A double-blind randomized clinical trial. Setting: Hospital. Participants: One hundred ninety-three patients. Interventions: Patients undergoing cardiac surgery were randomly assigned to receive a continuous infusion of fenoldopam, 0.1 microg/kg/min (95 patients), or placebo (98 patients) for 24 hours. Patients were included if at least 1 of the following risk factors was present: preoperative serum creatinine > or =1.5 mg/dL, age >70 years, diabetes mellitus, or prior cardiac surgery. Serum creatinine and urinary output were measured at baseline (T1), 24 hours (T2), and 48 hours after surgery (T3). Acute kidney injury was defined as a postoperative serum creatinine level of > or =2 mg/dL with an increase in serum creatinine level of 0.7 mg/dL or greater from preoperative to maximum postoperative values.

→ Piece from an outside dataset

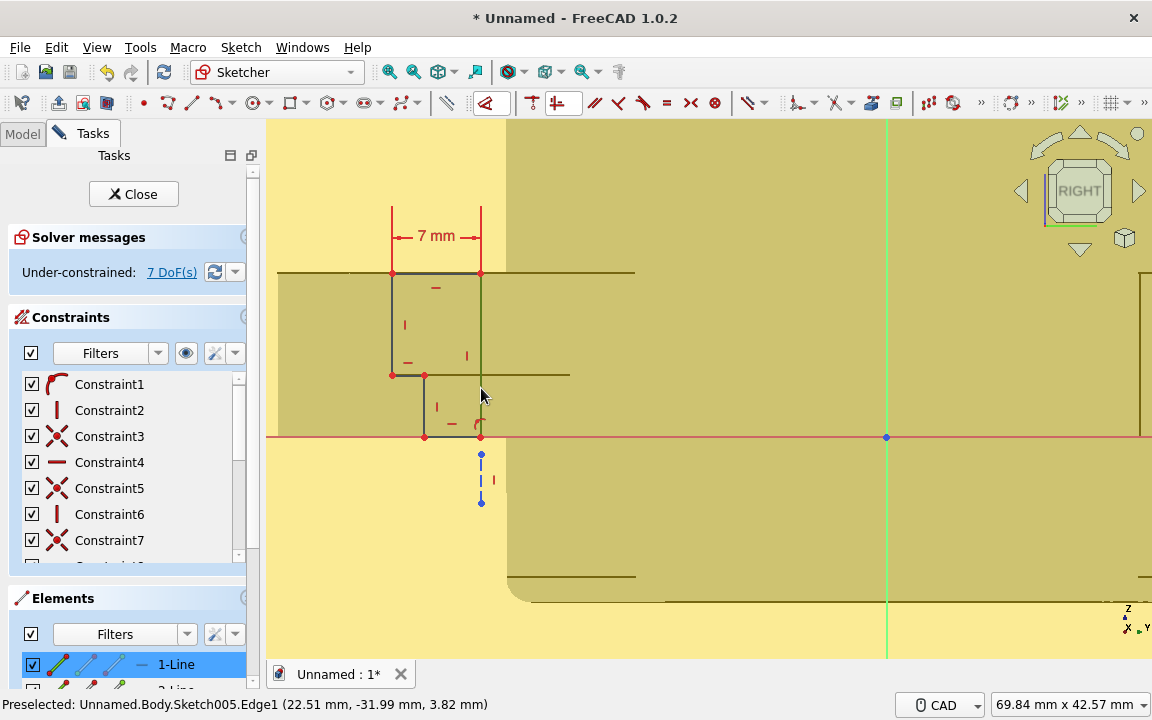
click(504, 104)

Acute kidney injury developed in 12 of 95 (12.6%) patients receiving fenoldopam and in 27 of 98 (27.6%) patients receiving placebo (p = 0.02), whereas renal replacement therapy was started in 0 of 95 and 8 of 98 (8.2%) patients, respectively (p = 0.004). Serum creatinine was similar at baseline (1.8 +/- 0.4 mg/dL v 1.9 +/- 0.3 mg/dL) in the fenoldopam and placebo groups but differed significantly (p < 0.001 and p < 0.001) 24 hours (1.6 +/- 0.2 mg/dL v 2.5 +/- 0.6 mg/dL) and 48 hours (1.5 +/- 0.3 mg/dL v 2.8 +/- 0.4 mg/dL) after the operation.

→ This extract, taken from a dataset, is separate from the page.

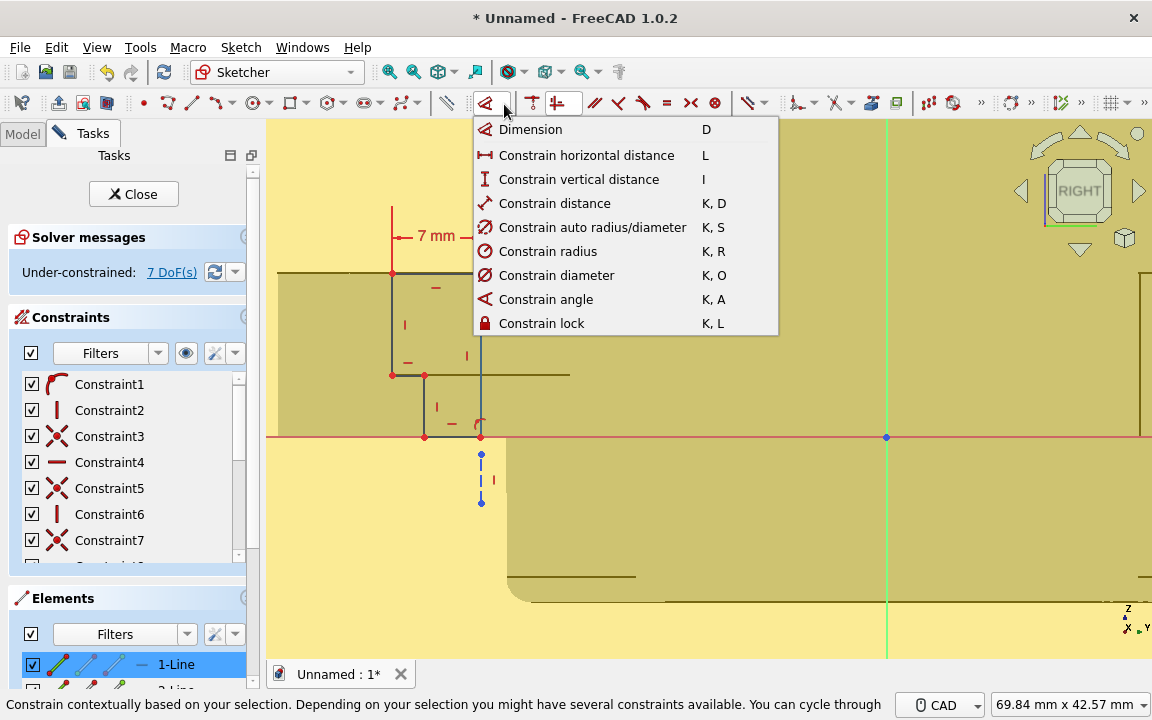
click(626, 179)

A 24-hour infusion of 0.1 mug/kg/min of fenoldopam prevented acute kidney injury in a high-risk population undergoing cardiac surgery.
Available from: Vivek Kakar
- "Data on new requirement for RRT in the post-operative period were available in five of the six RCTs (total of 478 patients)1516171819. Of 241 patients in the fenoldopam group, 2 (0.8 %) were treated with RRT post-operatively compared to 12 (4.5 %) of the 237 patients treated with placebo. "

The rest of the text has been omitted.